▼▼▼

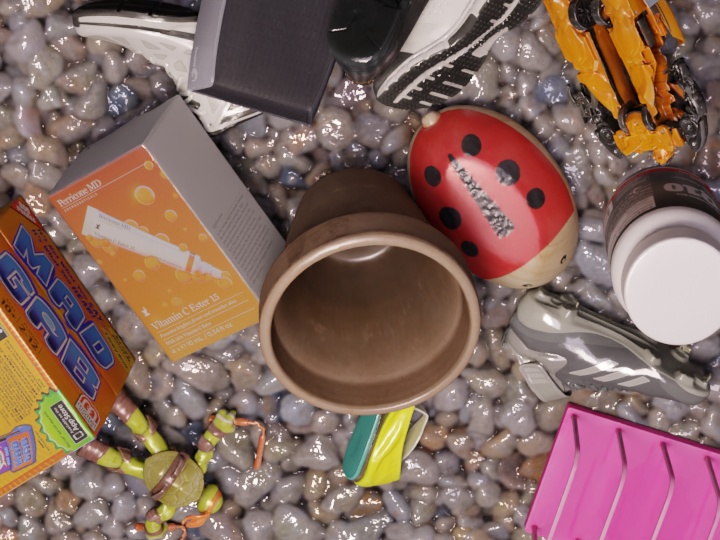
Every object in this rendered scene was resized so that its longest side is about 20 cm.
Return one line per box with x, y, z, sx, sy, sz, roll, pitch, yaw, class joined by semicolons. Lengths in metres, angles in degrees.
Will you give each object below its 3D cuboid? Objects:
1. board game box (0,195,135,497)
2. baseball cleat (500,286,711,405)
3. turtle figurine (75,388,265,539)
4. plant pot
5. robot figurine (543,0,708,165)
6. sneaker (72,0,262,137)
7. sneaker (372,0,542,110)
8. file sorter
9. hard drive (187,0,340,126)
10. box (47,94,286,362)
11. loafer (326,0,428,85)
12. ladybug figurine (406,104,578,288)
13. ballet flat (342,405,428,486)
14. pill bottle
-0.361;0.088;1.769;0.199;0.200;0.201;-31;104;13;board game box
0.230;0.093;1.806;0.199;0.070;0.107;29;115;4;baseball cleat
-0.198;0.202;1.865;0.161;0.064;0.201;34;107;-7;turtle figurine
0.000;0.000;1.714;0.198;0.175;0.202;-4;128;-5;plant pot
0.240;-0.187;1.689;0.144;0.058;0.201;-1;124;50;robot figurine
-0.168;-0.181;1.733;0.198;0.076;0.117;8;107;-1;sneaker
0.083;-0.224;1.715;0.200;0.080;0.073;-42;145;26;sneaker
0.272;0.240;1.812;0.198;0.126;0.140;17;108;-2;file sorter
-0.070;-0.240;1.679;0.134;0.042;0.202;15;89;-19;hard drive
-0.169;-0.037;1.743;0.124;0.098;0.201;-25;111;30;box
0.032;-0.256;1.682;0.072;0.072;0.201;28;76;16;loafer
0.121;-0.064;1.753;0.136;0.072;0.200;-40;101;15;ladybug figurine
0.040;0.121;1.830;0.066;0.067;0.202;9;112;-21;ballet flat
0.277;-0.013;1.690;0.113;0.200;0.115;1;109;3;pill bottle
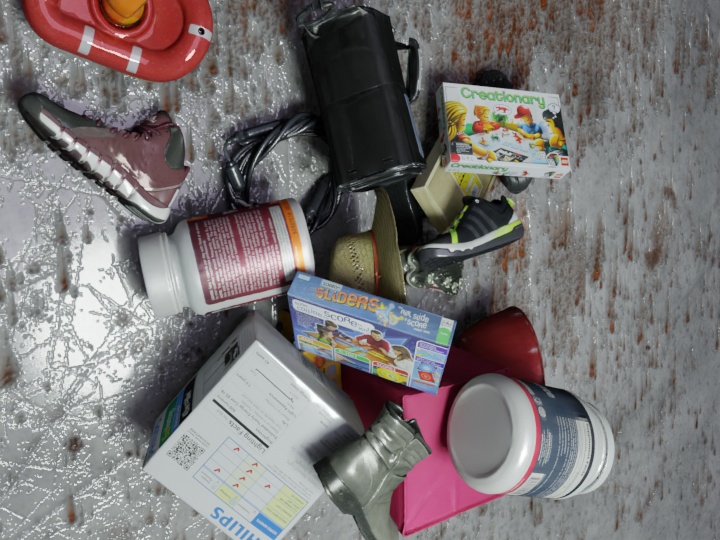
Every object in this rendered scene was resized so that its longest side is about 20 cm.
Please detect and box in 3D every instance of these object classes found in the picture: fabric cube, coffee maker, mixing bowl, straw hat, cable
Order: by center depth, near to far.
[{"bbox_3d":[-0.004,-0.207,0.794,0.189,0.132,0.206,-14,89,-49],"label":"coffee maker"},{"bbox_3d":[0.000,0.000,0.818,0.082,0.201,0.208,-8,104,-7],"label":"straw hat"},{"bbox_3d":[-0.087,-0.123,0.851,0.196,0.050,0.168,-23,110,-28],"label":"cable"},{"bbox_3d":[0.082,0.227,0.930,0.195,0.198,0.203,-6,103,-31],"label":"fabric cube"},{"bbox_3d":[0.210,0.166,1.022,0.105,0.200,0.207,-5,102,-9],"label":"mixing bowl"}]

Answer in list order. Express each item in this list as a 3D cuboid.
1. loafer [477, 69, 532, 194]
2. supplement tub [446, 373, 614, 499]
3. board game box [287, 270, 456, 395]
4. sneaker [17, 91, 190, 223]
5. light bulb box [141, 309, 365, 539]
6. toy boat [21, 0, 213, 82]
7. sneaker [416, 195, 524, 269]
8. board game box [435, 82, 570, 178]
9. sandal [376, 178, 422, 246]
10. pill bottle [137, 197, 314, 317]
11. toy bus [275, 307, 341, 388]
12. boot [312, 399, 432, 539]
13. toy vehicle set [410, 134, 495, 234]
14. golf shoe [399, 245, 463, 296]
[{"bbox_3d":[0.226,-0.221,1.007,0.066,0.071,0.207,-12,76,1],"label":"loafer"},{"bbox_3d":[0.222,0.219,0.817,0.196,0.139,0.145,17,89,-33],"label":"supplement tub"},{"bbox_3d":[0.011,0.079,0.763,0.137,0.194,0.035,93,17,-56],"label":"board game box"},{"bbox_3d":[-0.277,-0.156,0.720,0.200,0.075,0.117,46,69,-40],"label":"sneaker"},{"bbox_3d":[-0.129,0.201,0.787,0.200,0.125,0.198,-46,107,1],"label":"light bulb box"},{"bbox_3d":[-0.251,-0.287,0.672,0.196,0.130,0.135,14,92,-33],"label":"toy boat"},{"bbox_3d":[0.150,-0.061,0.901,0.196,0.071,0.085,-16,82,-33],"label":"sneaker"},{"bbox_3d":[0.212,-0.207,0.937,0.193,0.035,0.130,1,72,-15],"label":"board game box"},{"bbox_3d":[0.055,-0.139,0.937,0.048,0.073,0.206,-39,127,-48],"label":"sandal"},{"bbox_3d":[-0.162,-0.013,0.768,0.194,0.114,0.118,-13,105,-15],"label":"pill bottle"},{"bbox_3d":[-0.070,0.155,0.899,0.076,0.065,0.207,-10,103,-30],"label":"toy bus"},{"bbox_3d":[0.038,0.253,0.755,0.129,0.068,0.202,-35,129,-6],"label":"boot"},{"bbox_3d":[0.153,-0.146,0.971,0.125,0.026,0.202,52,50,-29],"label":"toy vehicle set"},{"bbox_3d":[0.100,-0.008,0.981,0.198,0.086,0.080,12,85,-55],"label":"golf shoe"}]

▲▲▲

## Task statement:
Would you count the lines in the data that include the word "object" and reply with only the number?

## Written response:
4